以下の法的手続をとると,その手続中は時効が完成しなくなり,その手続が終了した時に時効が更新されます(民法148条2項)。

  • 強制執行
  • 担保権の実行
  • 形式的競売(民事執行法195条)
  • 財産開示手続(民事執行法196条)

例えば,強制執行の手続をとった場合,その手続が終了した時に時効が更新されます。

ただし,申立ての取下げや手続の取消しによって手続が終了した場合には時効は更新されません。もっとも,取下げ等による終了から6か月間は時効の完成が猶予されます(民法148条1項)。

なお,改正前の民法では,仮差押えや仮処分も時効中断事由とされていましたが,民法改正により,これらは時効更新事由から外されています。

ただし,仮差押えや仮処分であっても,その手続中は時効が完成せず,終了後6か月間は時効の完成が猶予されます(民法149条)。

承認による更新

時効更新事由としては,上記のほか,「承認」があります。

取得時効における承認とは,時効により権利を失う者が,権利を取得することになる者に対して,自己の権利を認めさせることを意味します。

例えば,前記の土地占有者による土地の取得の例で言うと,占有者が,土地の使用者に対して賃料を支払うなどして土地を借りていること(土地所有者が所有権者であること)を認めた場合などが挙げられます。

他方,消滅時効における承認とは,時効の利益を受ける者が,時効により権利を失うことになる者に対して,その権利の存在を認めることを意味します。

例えば,前記の貸金の例で言うと,借主Bさんが貸主Aさんに対して返済猶予の申入れをするなどして,Aさんから借金をしていること(貸金債権が存在していること)を認める場合などがこれに当たります。

これら承認があった場合には,その承認の時に時効が更新されます(民法152条)。

時効の更新と時効の完成猶予

これまで述べてきたように,時効の更新(中断)は,時効期間をリセットしてしまう制度です。

これに対して「時効の完成猶予」という制度があります。

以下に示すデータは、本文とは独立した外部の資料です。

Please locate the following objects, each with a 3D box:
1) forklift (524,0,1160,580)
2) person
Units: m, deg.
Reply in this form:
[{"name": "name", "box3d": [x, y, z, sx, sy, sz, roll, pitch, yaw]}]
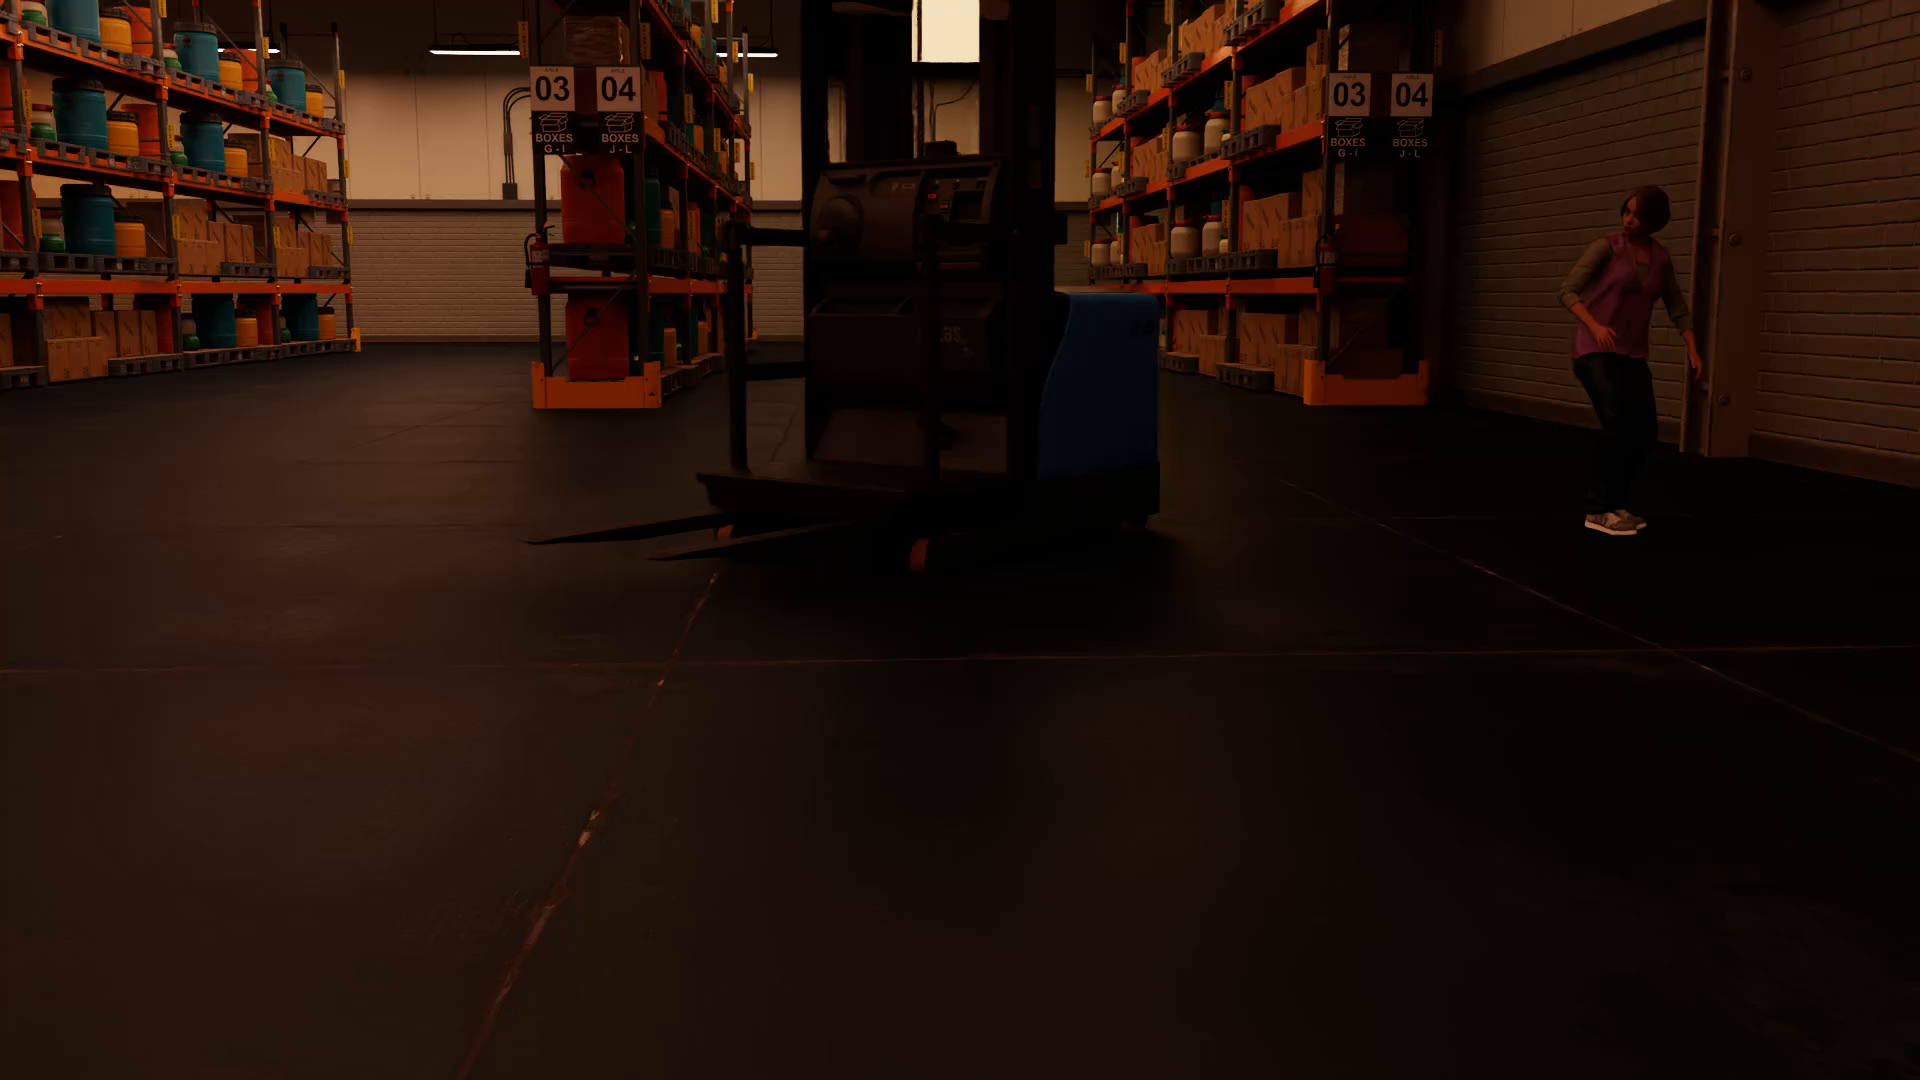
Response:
[{"name": "forklift", "box3d": [-0.354, -1.376, 6.601, 1.130, 2.935, 3.031, 6, 10, 36]}, {"name": "person", "box3d": [3.024, -0.805, 7.506, 0.632, 1.557, 0.449, -3, 9, -19]}]
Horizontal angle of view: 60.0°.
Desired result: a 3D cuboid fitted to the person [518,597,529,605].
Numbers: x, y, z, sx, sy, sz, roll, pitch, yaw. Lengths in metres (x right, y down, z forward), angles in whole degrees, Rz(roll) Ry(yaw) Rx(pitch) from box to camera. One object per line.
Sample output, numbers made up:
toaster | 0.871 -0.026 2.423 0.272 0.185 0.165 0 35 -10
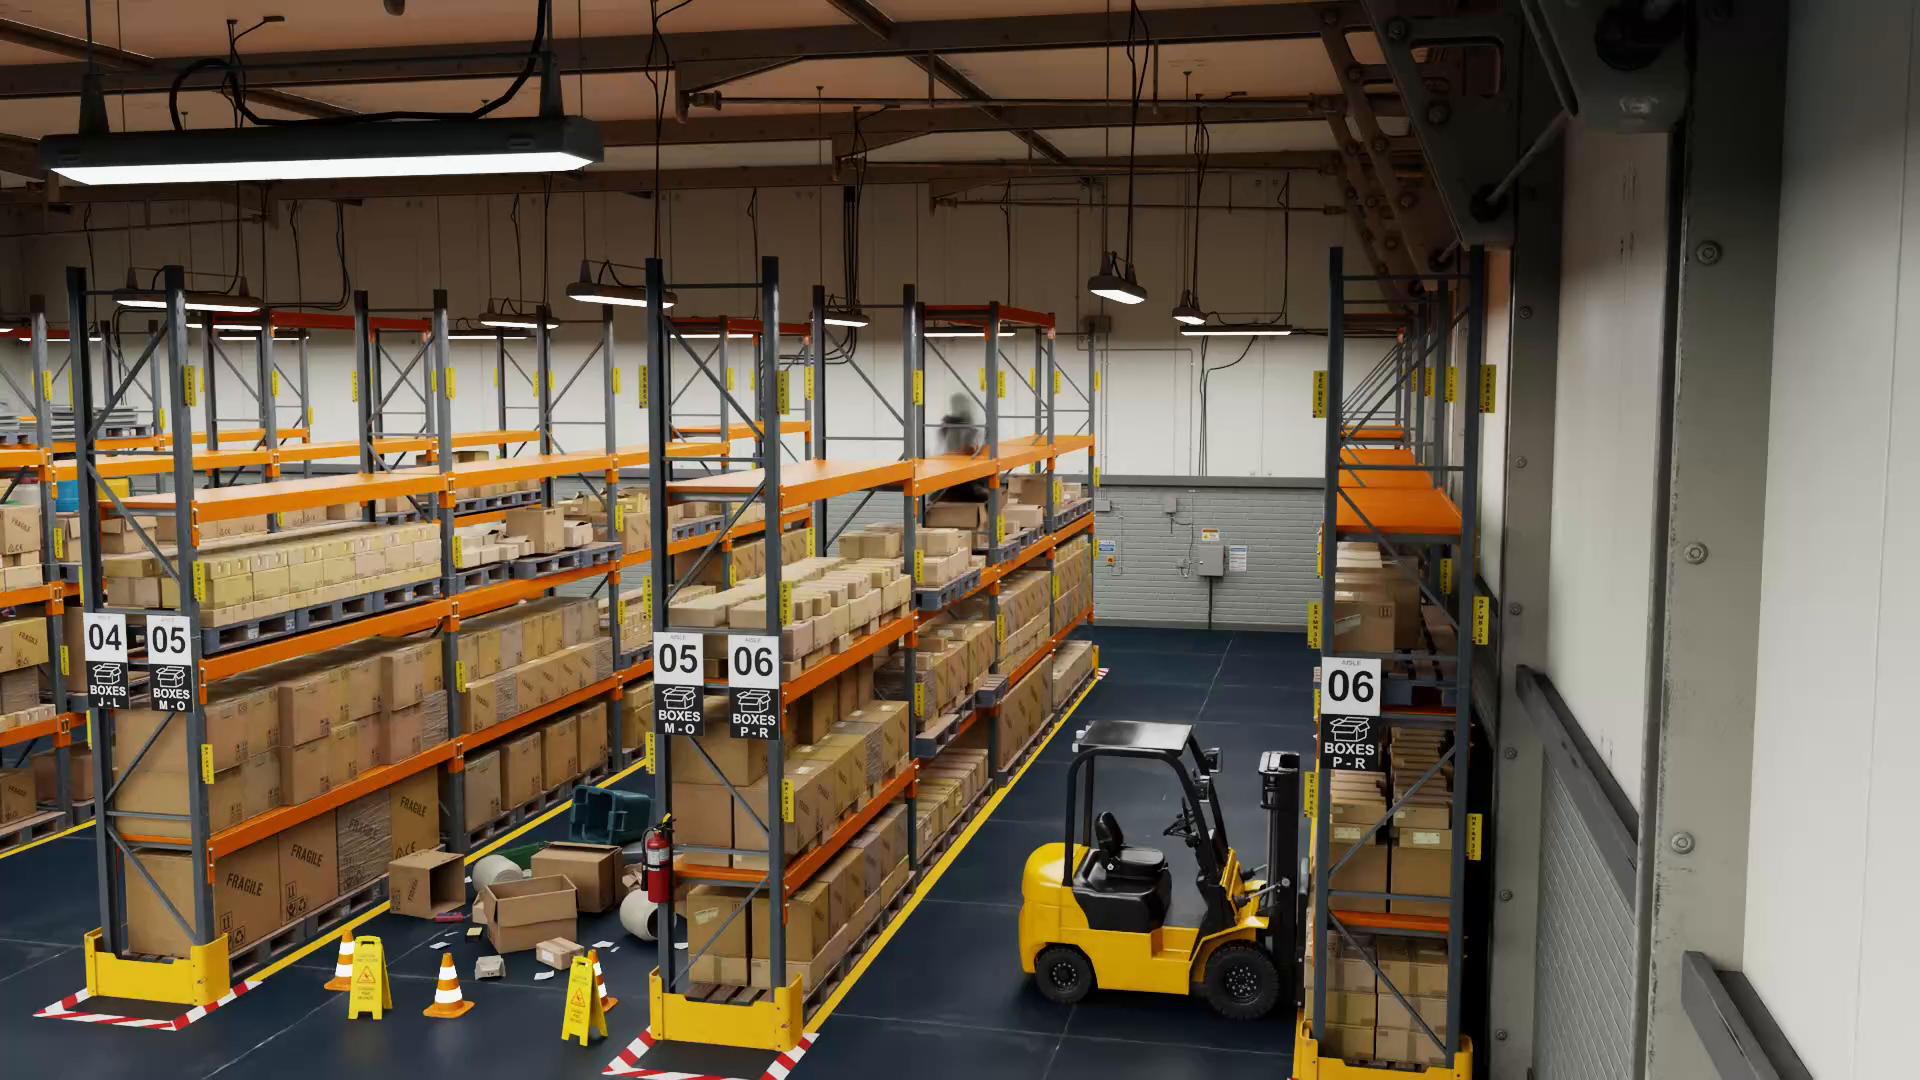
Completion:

これは,時効期間をリセットするまでの効果はありませんが,一定期間中は時効が完成しなくなるという制度です。

したがって,時効の完成猶予期間中に,本来の時効期間が経過したとしても,時効は完成しません。

前記のとおり,権利が確定せずに裁判上の請求等が終了した場合,申立ての取下げや手続の取消しによって強制執行等が終了した場合,仮差押えや仮処分の場合などには,更新の効果は生じないものの,時効の完成猶予の効果は生じます。

また,「催告」をした場合も,時効完成猶予の効果が生じます。端的にいうと,裁判外で請求をするということです。

この催告はあくまで時効の完成猶予事由であるため,これのみによって時効更新の効果が発生するわけではありません。しかし,催告後6月間は時効が完成しません(民法150条1項)。

したがって,催告後6か月以内に前記の時効更新事由のうちのどれかの措置をとれば,正式に時効更新の効果が発生します。

時効完成が直前であるものの正式の更新の措置をとる時間がないという場合には,とりあえず催告をしておけば,時効完成の時期を6か月間だけは伸ばせるということになります。